Taşların ve Ağaçların Dile Geldiği Gün

Rasûlullah Efendimiz (s.a.v.), kıyamet alametlerinden bahsederken öyle bir manzara tasvir eder ki, akıllar ve kalpler titrer: "Müslümanlarla Yahudiler savaşmadıkça kıyamet kopmayacaktır. Müslümanlar onları öldürecek, öyle ki Yahudi bir taşın, bir ağacın arkasına saklanacak; taş ve ağaç, 'Ey Müslüman, ey Allah'ın kulu! Arkamda bir Yahudi var, gel ve onu öldür!' diye seslenecektir. Ancak garkad ağacı bundan müstesnadır; çünkü o Yahudilerin ağacıdır." (Müslim, Fiten, 82).

Bu hadis, asırlarca Müslümanların zihninde sadece bir "gelecek sahnesi" gibi durdu. Fakat bugün, Gazze'de, Aksa Tufanı sonrasında akan kanlar, işlenen cinayetler, çocukların ve masumların vahşice katledilişi bu hadisin hakikatine bizi hiç olmadığı kadar yaklaştırıyor. Dünyanın gözü önünde işlenen bu zulme rağmen sessizlik hâkim. Lakin aynı zamanda, insanlığın vicdanında büyük bir uyanış da görülüyor. Artık Yahudi Siyonizminin maskesi düşüyor, gerçek yüzü ortaya çıkıyor. Dün İsrail'e kayıtsız şartsız destek veren nice ülkelerde bile halkın sesi yükseliyor, meydanlarda "Kahrolsun İsrail" sloganları yankılanıyor.

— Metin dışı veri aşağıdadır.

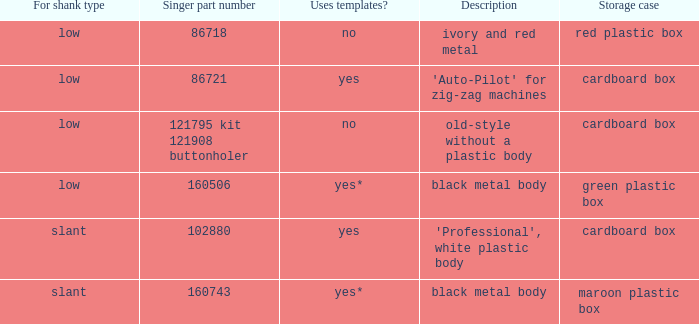What's the singer piece number of the buttonholer that comes with a green plastic storage box? 160506.0. Give me the full table as a dictionary. {'header': ['For shank type', 'Singer part number', 'Uses templates?', 'Description', 'Storage case'], 'rows': [['low', '86718', 'no', 'ivory and red metal', 'red plastic box'], ['low', '86721', 'yes', "'Auto-Pilot' for zig-zag machines", 'cardboard box'], ['low', '121795 kit 121908 buttonholer', 'no', 'old-style without a plastic body', 'cardboard box'], ['low', '160506', 'yes*', 'black metal body', 'green plastic box'], ['slant', '102880', 'yes', "'Professional', white plastic body", 'cardboard box'], ['slant', '160743', 'yes*', 'black metal body', 'maroon plastic box']]} 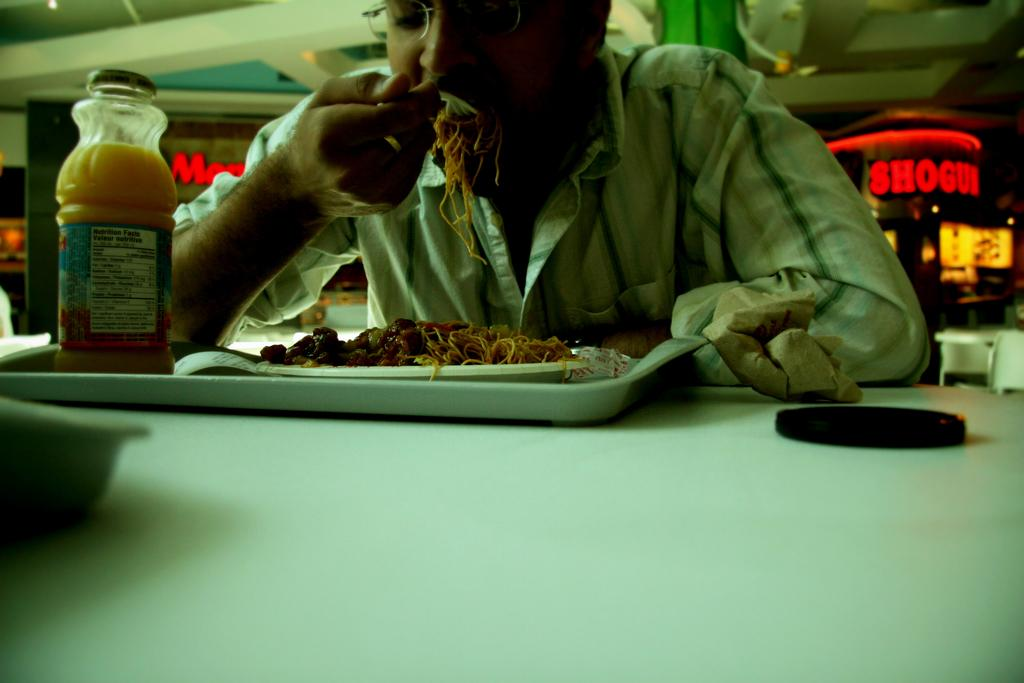<image>
Present a compact description of the photo's key features. The bottle of orange juice has 135 calories.

Hadiste geçen "taşların ve ağaçların dile gelmesi" ifadesi, mecazi bir işaret olarak da okunabilir. Bugün sosyal medyanın diliyle, kameraların şahitliğiyle, dünyanın dört bir yanında vicdanların haykırışıyla sanki taşlar ve ağaçlar dile geliyor. Zulmün üzerini örtmeye çalışan medya tekellerine rağmen gerçekler ifşa oluyor, mazlumun feryadı bastırılamıyor. Yahudi zulmünden bıkmış bir dünyanın isyanı, artık taşları konuşturuyor.

Rasûlullah'ın haber verdiği bu manzara, sadece savaşın değil, aynı zamanda hakikatin apaçık ortaya çıkmasının bir tasviridir. Allah'ın koyduğu sünnetullah değişmez: Zulüm yükselirse, mazlumun duası da arşa yükselir. Bir noktadan sonra taş bile, ağaç bile mazlumun yanında saf tutar. Çünkü zulüm sürdürülebilir bir şey değildir; fıtrat isyan eder, tabiat isyan eder, insan vicdanı isyan eder.